↓↓↓
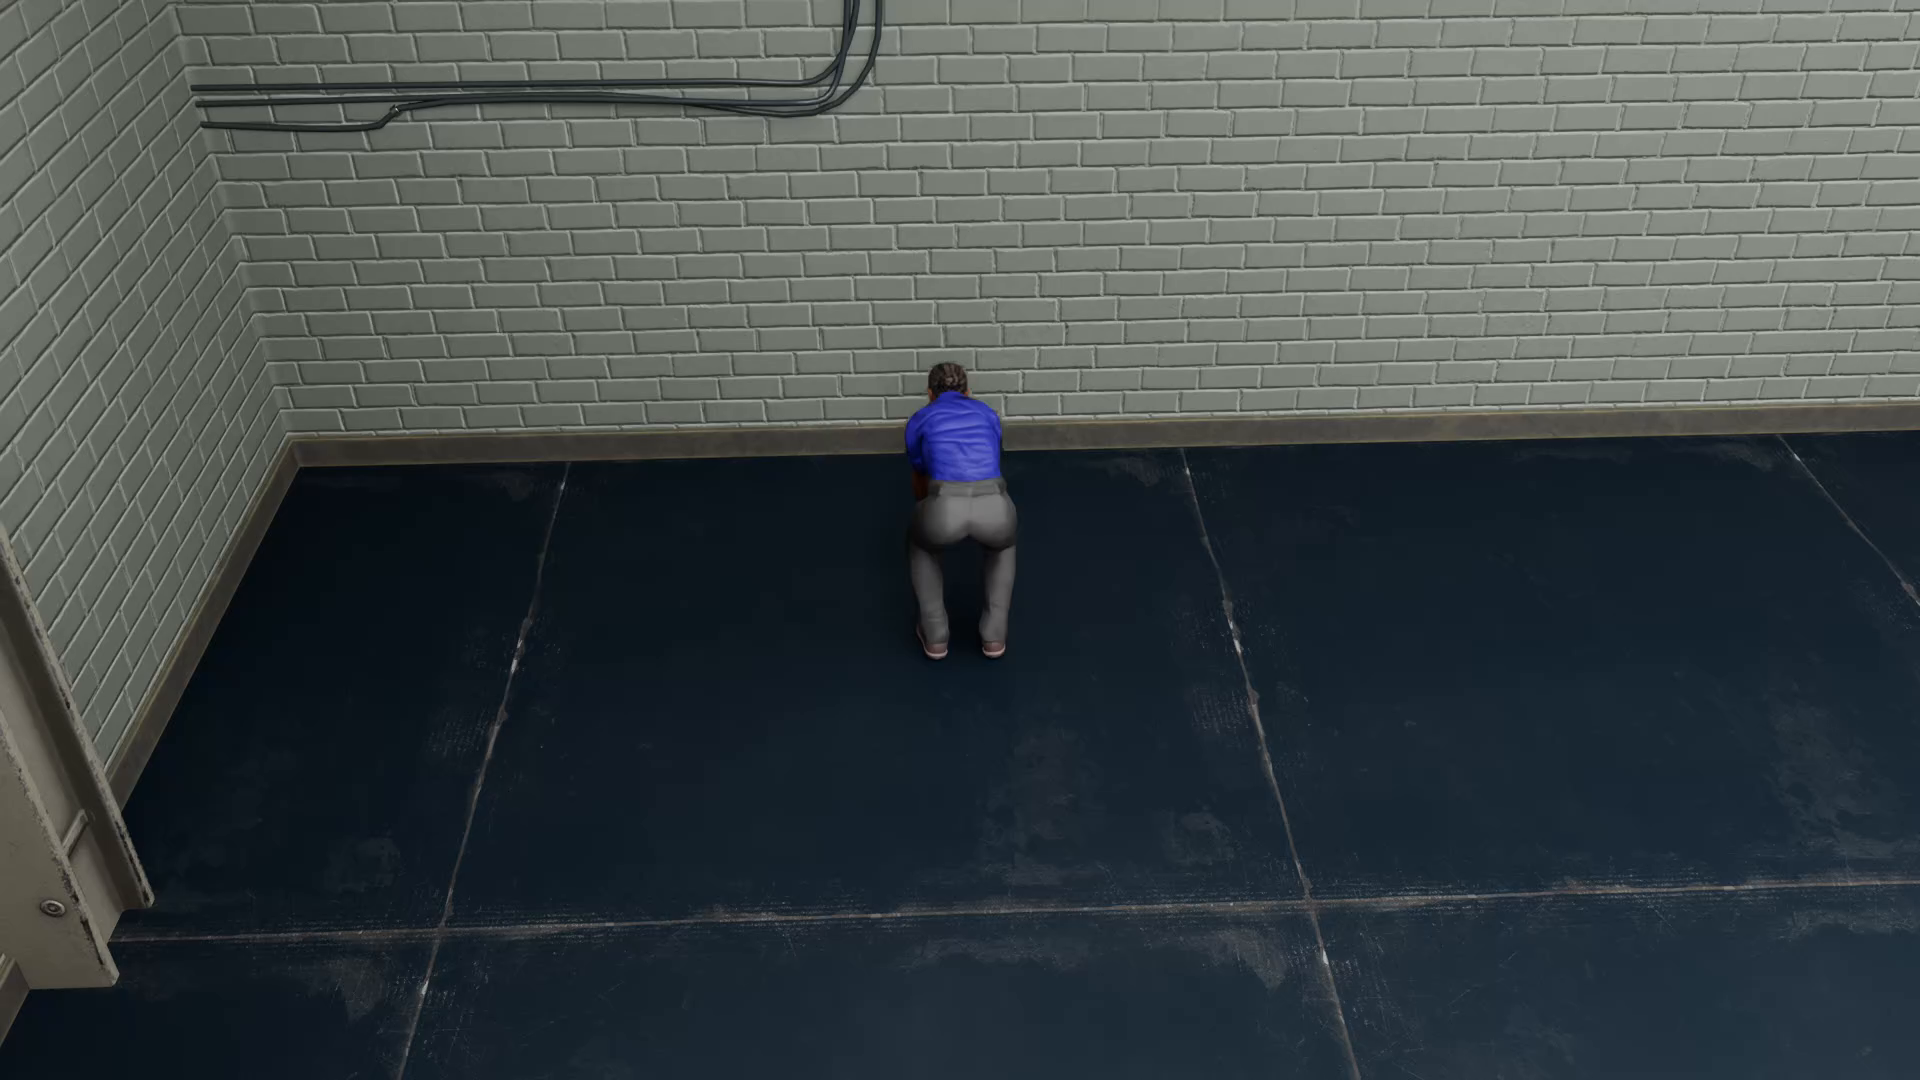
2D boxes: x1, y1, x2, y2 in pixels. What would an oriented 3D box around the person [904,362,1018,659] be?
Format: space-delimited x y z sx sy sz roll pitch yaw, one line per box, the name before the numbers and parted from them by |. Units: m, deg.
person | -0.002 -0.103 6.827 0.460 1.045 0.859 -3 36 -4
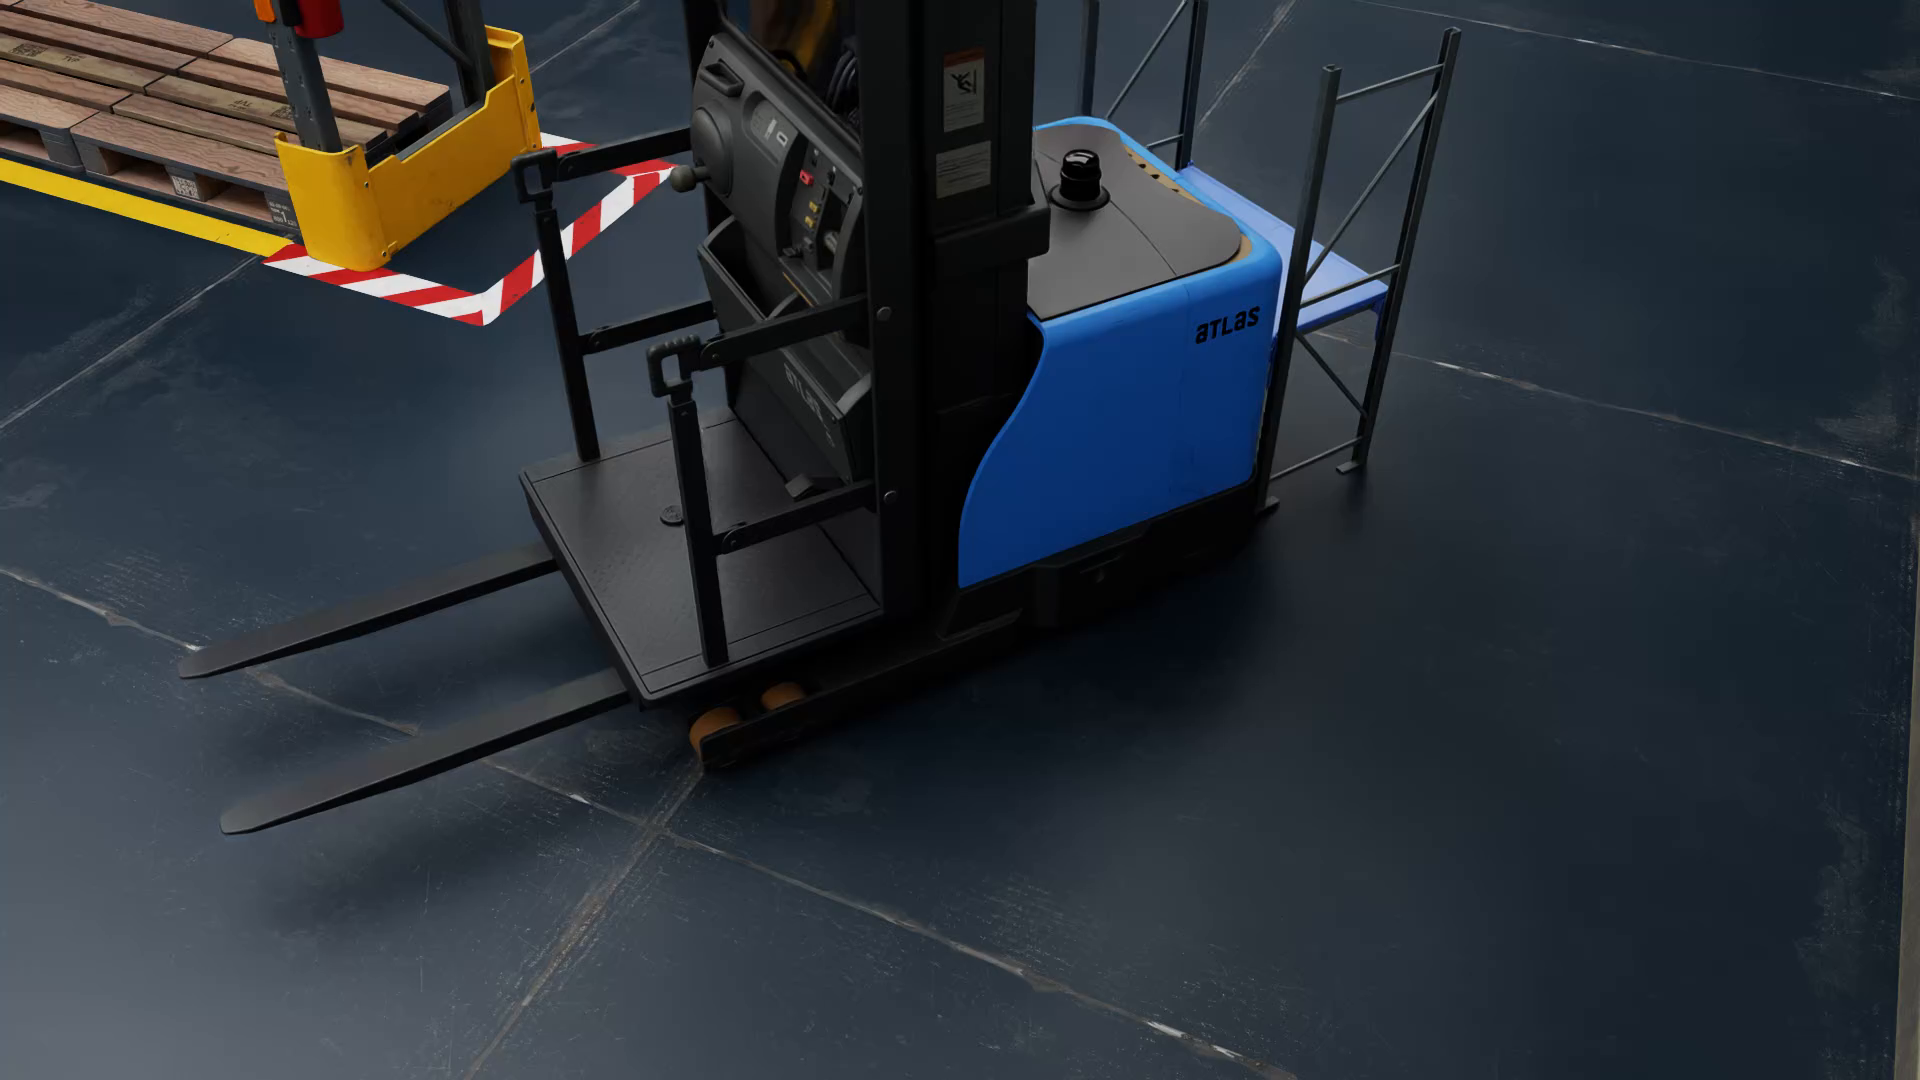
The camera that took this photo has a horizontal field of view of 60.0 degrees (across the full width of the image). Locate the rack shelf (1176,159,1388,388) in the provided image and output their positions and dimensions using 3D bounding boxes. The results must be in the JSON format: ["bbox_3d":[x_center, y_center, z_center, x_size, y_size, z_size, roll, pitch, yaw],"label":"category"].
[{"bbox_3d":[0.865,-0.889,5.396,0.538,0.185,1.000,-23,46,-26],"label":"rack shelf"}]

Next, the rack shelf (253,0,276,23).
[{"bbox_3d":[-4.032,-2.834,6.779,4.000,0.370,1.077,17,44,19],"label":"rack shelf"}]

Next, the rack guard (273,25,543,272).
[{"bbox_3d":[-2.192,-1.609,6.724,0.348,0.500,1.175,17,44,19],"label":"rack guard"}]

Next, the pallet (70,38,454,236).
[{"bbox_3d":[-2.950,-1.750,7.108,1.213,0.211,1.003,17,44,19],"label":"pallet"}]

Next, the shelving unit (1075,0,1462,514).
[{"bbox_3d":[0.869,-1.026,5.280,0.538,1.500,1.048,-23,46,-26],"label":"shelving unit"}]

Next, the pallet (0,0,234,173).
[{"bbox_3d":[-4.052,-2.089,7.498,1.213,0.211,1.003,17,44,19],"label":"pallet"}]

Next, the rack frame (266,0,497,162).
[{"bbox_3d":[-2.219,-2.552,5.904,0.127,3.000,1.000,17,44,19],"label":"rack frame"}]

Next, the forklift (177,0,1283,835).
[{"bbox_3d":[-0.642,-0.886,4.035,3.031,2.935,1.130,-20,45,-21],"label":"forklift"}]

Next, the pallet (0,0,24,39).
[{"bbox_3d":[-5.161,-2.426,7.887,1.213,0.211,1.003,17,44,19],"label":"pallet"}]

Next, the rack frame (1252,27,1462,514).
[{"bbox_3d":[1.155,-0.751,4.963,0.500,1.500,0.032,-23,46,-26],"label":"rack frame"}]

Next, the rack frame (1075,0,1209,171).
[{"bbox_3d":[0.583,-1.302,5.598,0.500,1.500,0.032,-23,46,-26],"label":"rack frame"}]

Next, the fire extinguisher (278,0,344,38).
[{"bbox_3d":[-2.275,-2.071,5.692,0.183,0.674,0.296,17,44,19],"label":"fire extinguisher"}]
↑↑↑
* WORK REQUEST: Nothing but the lines from the one containing "Next, the pallet (0,0,234,173)." through the end of the entries belongs in the answer; repeat them exactly.

* ANSWER:
Next, the pallet (0,0,234,173).
[{"bbox_3d":[-4.052,-2.089,7.498,1.213,0.211,1.003,17,44,19],"label":"pallet"}]

Next, the rack frame (266,0,497,162).
[{"bbox_3d":[-2.219,-2.552,5.904,0.127,3.000,1.000,17,44,19],"label":"rack frame"}]

Next, the forklift (177,0,1283,835).
[{"bbox_3d":[-0.642,-0.886,4.035,3.031,2.935,1.130,-20,45,-21],"label":"forklift"}]

Next, the pallet (0,0,24,39).
[{"bbox_3d":[-5.161,-2.426,7.887,1.213,0.211,1.003,17,44,19],"label":"pallet"}]

Next, the rack frame (1252,27,1462,514).
[{"bbox_3d":[1.155,-0.751,4.963,0.500,1.500,0.032,-23,46,-26],"label":"rack frame"}]

Next, the rack frame (1075,0,1209,171).
[{"bbox_3d":[0.583,-1.302,5.598,0.500,1.500,0.032,-23,46,-26],"label":"rack frame"}]

Next, the fire extinguisher (278,0,344,38).
[{"bbox_3d":[-2.275,-2.071,5.692,0.183,0.674,0.296,17,44,19],"label":"fire extinguisher"}]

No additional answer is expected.